Former FDIC Chair to Address State Regulators
|November 1, 2011|
Sheila Bair, former chairman of the Federal Deposit Insurance Corporation (FDIC), will deliver the keynote address to members of the National Association of Insurance Commissioners (NAIC) during the Opening Session of its Fall National Meeting in National Harbor, Md.
“We are honored to have former Chairman Bair address our members and attendees,” said Susan E. Voss, NAIC president and Iowa insurance commissioner. “Her tenure as chair of the FDIC during the height of the financial crisis attests to her commitment to solid consumer protection, which parallels the goal of regulators working to achieve similar aims through strong state-based insurance regulation.”

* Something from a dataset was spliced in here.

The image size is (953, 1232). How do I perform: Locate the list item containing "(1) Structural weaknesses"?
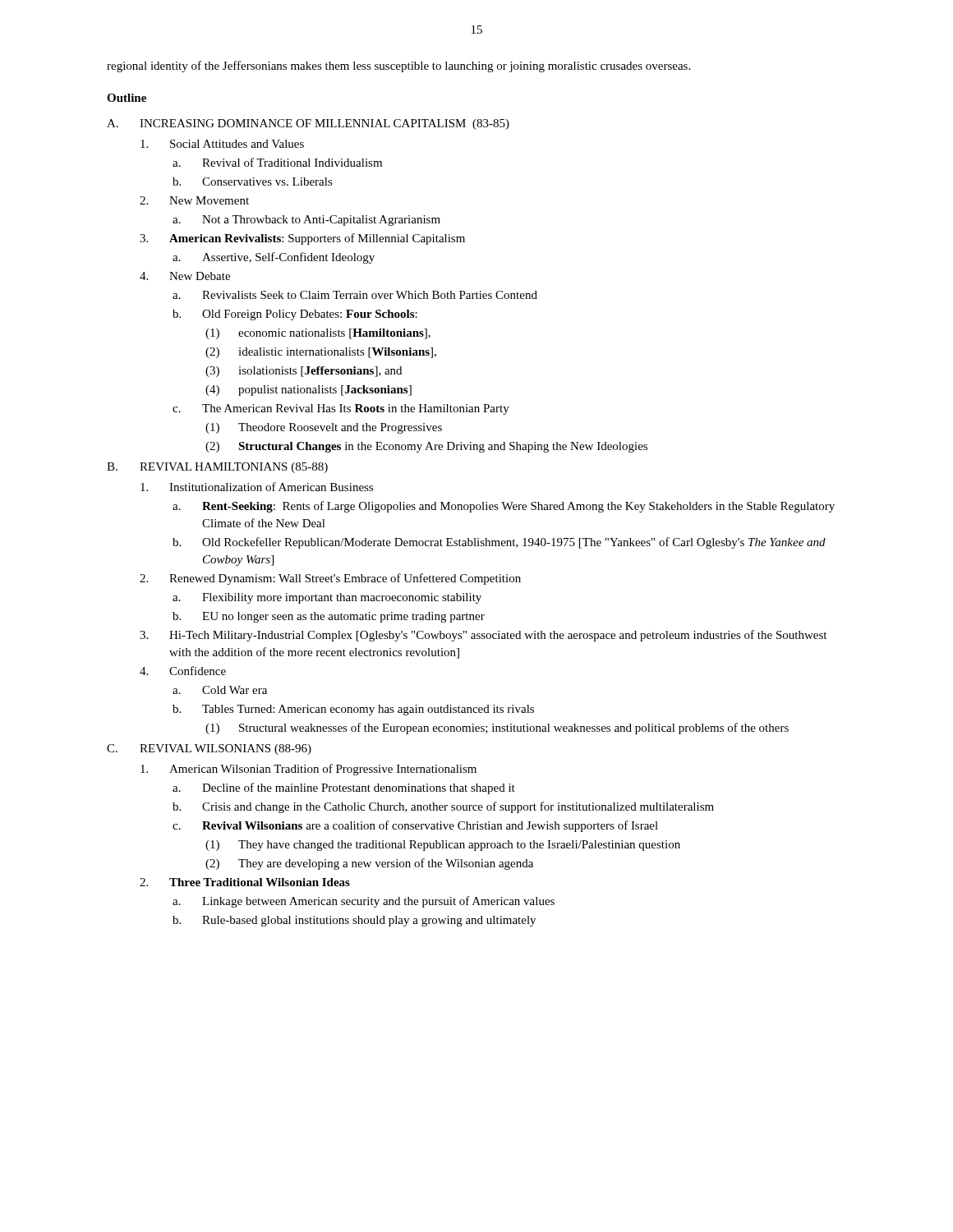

Bair served as the 19th chairman of the FDIC from June 2006 to July 2011. Before joining the FDIC, she was the dean's professor of Financial Regulatory Policy for the Isenberg School of Management at the University of Massachusetts-Amherst. Bair received a number of prestigious honors as FDIC chairman. In 2008 and 2009, Forbes magazine named her the second most powerful woman in the world. In 2009, she was named one of TIME magazine's "Time 100" most influential people; awarded the John F. Kennedy Profile in Courage Award; and received the Hubert H. Humphrey Civil Rights Award.
The Opening Session of the NAIC Fall National Meeting is scheduled for 12:45 p.m. ET, Thursday, Nov. 3, at the Gaylord National Hotel and Convention Center.
The NAIC’s Title Insurance (C) Task Force will meet during the meeting to discuss several issues. According to the agenda, the Task Force will consider a motion to adopt reports of the Title Statistical Plan (C) Working Group, the Title Annual Statement Instructions (C) Working Group and the Title Insurance Market Conduct and Mortgage Fraud (C) Working Group. Task Force members also will discuss increasing costs and closing responsibilities and will hear a presentation on Florida’s new statute allowing for assessment of title insurers when there is a title insurance insolvency.